> _Work to complete_
After going through the data, give the number of lines that contain the word "degrees" as your sole answer.

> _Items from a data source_
>>>>>

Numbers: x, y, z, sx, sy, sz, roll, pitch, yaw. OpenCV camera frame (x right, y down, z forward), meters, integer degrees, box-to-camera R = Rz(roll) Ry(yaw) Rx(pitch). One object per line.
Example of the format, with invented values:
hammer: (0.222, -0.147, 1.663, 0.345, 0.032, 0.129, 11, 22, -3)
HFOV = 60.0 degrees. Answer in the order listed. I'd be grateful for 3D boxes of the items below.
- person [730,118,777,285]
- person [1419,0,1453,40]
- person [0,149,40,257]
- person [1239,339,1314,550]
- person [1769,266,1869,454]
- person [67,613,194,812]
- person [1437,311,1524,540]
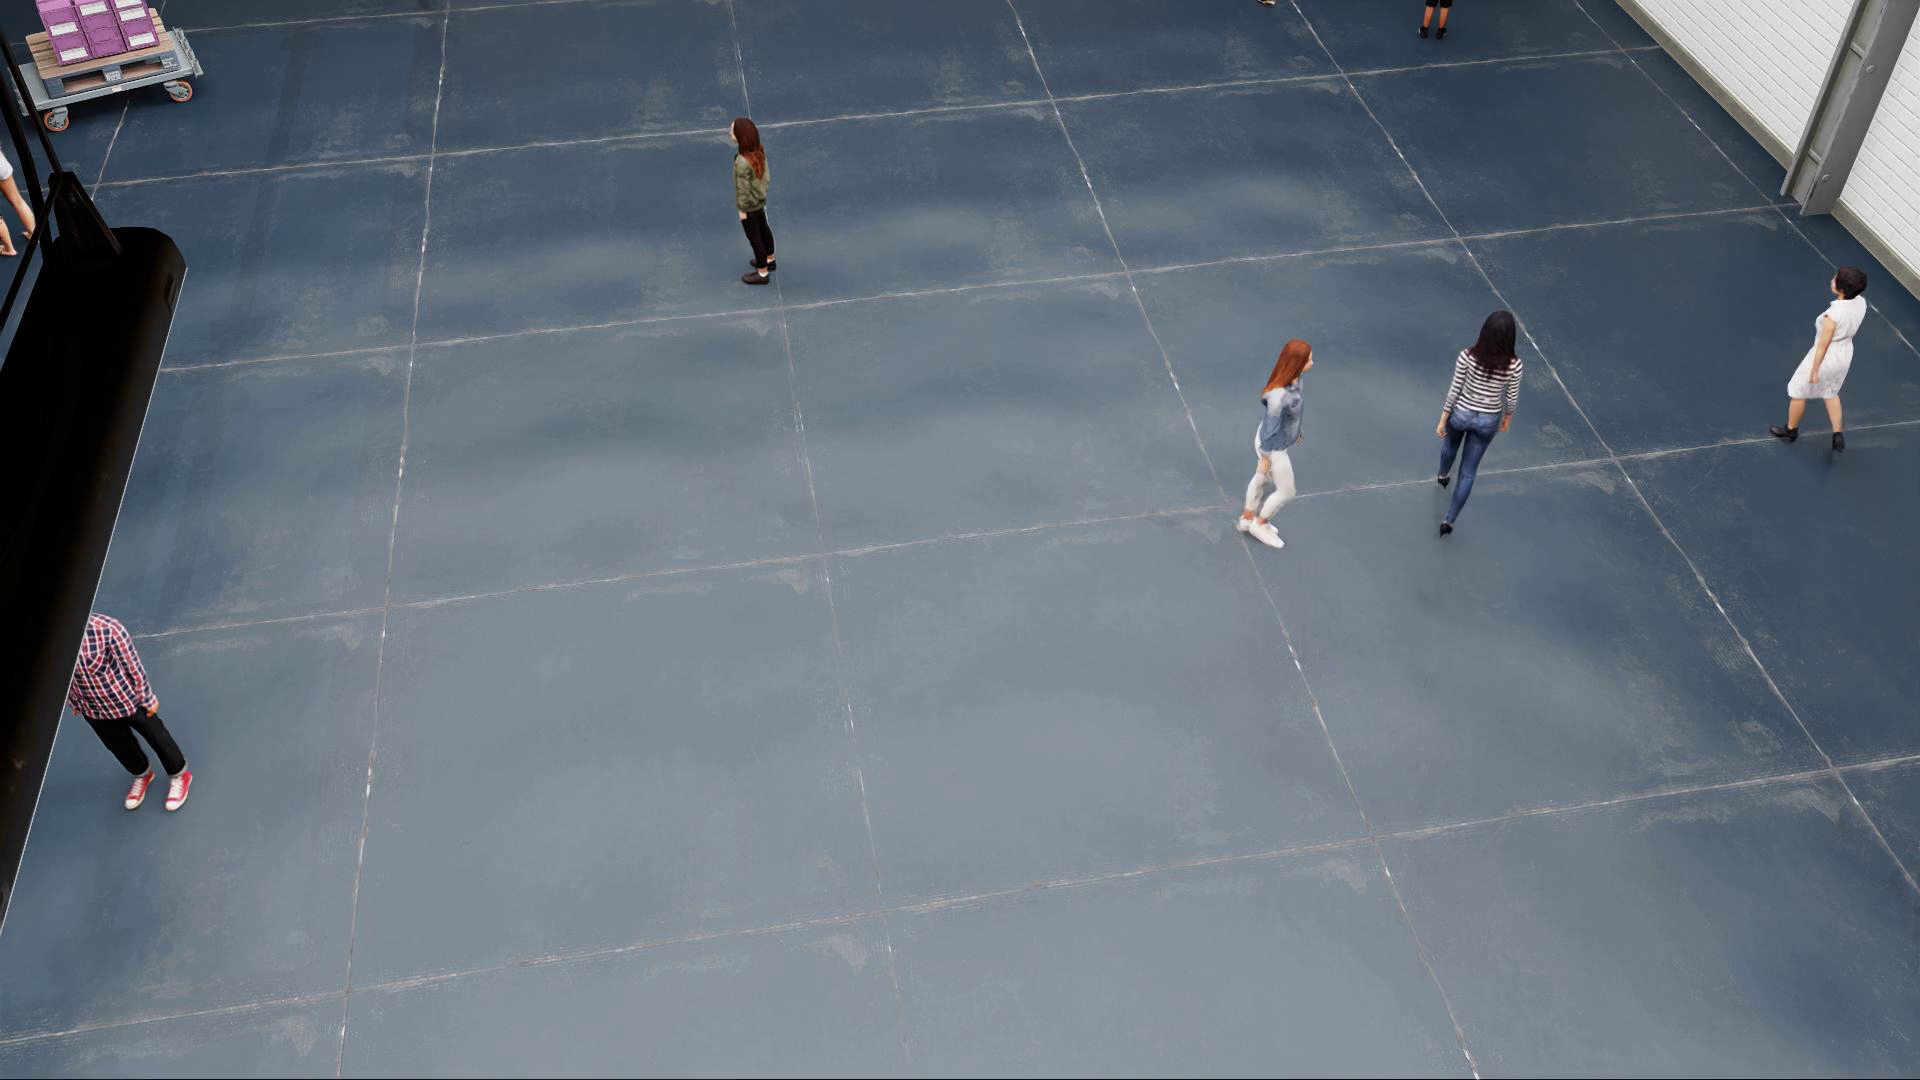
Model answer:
person: (-1.702, -2.804, 13.689, 0.697, 1.474, 0.548, 8, 44, 8)
person: (4.909, -5.712, 16.895, 0.562, 1.263, 0.594, 11, 45, 11)
person: (-8.186, -3.140, 13.945, 0.705, 1.610, 0.647, 25, 49, 24)
person: (2.053, -0.675, 11.299, 0.810, 1.690, 0.712, 16, 46, 16)
person: (6.324, -1.270, 12.039, 0.709, 1.529, 0.846, -18, 46, -18)
person: (-4.889, 0.889, 9.607, 0.695, 1.759, 0.620, -3, 44, -3)
person: (3.467, -0.718, 11.293, 0.897, 1.761, 1.070, 12, 45, 13)

<<<<<

> _Solved problem_
2